Déclarons l'appel recevable, Confirmons la décision déférée en toutes ses dispositions, Fait à Montpellier, au palais de justice, le 24 Juillet 2026 à 12h34 La greffière, Le magistrat délégué,

Questions fréquentes

Que se passe-t-il si un étranger en rétention est sous curatelle et que le curateur n'est pas informé ?
La procédure de rétention est déclarée irrégulière, ce qui peut entraîner la mise en liberté de l'étranger, comme dans cette affaire où le juge a constaté l'irrégularité et ordonné la libération.
L'administration doit-elle vérifier si un étranger placé en rétention a un tuteur ou un curateur ?
Oui, dès que l'administration a des éléments laissant penser que l'étranger fait l'objet d'une mesure de protection juridique, elle doit procéder à des investigations pour vérifier et informer la personne chargée de cette mesure.

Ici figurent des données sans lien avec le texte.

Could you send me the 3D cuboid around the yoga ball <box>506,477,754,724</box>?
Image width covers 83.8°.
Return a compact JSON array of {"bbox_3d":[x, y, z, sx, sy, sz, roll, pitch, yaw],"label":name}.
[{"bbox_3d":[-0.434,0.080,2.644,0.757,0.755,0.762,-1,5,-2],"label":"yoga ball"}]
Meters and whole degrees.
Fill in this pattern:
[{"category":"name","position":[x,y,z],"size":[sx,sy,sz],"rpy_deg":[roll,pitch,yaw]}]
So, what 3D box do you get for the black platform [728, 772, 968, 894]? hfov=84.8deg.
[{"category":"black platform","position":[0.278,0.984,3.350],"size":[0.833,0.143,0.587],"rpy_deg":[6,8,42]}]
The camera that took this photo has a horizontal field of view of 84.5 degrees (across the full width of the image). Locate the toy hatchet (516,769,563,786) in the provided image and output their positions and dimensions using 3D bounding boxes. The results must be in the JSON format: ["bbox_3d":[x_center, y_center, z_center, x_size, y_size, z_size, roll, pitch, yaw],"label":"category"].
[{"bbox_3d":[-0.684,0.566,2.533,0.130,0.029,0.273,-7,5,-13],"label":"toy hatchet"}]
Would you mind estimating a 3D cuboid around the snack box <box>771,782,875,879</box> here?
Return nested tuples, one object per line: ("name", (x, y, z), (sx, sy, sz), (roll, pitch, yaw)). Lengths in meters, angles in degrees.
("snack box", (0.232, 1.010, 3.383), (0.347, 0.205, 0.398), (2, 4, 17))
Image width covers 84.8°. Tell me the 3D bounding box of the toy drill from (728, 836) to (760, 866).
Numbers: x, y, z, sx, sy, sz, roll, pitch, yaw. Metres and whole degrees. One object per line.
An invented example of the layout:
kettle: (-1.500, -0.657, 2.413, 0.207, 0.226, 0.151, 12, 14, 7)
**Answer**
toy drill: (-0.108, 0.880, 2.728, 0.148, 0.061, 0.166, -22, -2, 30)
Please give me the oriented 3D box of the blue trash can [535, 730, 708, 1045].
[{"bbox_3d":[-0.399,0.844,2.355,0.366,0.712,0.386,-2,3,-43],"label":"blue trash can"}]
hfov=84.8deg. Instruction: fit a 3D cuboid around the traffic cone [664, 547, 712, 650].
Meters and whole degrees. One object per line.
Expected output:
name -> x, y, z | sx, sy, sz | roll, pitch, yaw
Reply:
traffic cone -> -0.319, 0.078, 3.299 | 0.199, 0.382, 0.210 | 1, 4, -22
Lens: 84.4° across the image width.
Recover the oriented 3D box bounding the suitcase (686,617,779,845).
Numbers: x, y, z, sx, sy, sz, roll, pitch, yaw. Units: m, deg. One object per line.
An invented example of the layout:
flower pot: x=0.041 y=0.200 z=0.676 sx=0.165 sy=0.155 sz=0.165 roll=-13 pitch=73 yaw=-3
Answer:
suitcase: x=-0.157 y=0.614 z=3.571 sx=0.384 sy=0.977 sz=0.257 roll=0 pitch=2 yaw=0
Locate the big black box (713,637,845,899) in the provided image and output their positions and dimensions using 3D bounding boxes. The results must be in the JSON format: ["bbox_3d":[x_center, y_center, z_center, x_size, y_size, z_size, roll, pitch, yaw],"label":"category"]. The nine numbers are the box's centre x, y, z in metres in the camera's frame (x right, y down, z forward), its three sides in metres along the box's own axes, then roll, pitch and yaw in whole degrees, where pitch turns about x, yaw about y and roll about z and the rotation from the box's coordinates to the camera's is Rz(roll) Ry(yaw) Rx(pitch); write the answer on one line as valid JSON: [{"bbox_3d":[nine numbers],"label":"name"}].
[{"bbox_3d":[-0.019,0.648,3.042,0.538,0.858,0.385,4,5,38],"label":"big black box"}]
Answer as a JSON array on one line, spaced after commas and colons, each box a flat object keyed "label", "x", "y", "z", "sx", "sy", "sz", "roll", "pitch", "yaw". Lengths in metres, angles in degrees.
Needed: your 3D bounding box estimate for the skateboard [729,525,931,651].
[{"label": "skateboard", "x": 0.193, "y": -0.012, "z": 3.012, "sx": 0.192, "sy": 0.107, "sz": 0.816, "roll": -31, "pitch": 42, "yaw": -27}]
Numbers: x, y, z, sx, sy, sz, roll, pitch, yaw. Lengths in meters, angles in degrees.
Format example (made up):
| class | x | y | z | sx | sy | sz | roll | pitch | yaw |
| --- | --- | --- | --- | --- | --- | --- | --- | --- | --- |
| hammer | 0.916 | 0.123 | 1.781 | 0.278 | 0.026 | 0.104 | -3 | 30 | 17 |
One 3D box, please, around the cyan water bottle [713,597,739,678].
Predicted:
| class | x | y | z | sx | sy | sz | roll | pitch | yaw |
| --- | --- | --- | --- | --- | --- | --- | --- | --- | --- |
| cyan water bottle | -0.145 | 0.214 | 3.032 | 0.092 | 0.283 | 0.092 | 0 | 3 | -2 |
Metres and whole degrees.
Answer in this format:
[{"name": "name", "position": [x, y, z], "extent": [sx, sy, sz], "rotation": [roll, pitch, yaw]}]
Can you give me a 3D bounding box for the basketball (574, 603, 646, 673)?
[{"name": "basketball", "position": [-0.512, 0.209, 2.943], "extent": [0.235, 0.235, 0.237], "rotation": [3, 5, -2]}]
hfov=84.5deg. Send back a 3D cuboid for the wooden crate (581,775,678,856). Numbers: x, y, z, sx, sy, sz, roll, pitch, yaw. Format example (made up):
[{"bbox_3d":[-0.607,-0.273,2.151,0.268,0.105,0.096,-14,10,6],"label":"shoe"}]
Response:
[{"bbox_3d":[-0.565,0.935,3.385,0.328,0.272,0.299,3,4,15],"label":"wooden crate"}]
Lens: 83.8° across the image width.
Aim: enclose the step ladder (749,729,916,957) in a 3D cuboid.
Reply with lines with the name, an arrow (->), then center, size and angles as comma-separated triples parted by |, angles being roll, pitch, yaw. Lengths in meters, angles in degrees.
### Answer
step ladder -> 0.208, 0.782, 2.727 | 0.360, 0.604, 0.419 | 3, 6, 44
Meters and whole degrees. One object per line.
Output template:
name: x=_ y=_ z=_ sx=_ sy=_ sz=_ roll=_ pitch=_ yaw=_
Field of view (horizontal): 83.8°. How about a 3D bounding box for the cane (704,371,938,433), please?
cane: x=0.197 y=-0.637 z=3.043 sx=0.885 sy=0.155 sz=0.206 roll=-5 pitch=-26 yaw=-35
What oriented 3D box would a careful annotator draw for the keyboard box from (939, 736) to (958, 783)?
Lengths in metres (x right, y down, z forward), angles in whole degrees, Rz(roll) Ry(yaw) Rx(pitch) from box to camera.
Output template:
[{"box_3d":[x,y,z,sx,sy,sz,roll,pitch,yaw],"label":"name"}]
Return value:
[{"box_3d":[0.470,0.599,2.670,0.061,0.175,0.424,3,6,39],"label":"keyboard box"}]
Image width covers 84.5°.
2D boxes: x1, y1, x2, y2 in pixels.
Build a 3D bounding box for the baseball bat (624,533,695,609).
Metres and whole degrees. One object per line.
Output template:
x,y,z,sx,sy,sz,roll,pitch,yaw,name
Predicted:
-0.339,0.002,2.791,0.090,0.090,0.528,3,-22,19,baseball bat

Quels sont les droits d'une personne sous curatelle placée en rétention administrative ?
Elle a le droit d'être assistée par son curateur, qui doit être informé du placement afin de l'aider à exercer ses droits, notamment contester la décision.
Comment contester un placement en rétention si on est sous curatelle ?
La contestation peut être faite par l'étranger lui-même ou par son curateur, mais il est essentiel que le curateur soit informé pour agir en temps utile.
Quelle est la conséquence du défaut d'information du curateur lors d'une rétention ?
Le défaut d'information du curateur rend la procédure irrégulière, ce qui peut conduire à l'annulation de la rétention et à la mise en liberté de l'étranger.
Un étranger sous curatelle peut-il être placé en rétention sans que son curateur soit prévenu ?
Non, l'administration doit informer le curateur dès qu'elle a connaissance de la mesure de protection, sinon la procédure est entachée d'irrégularité.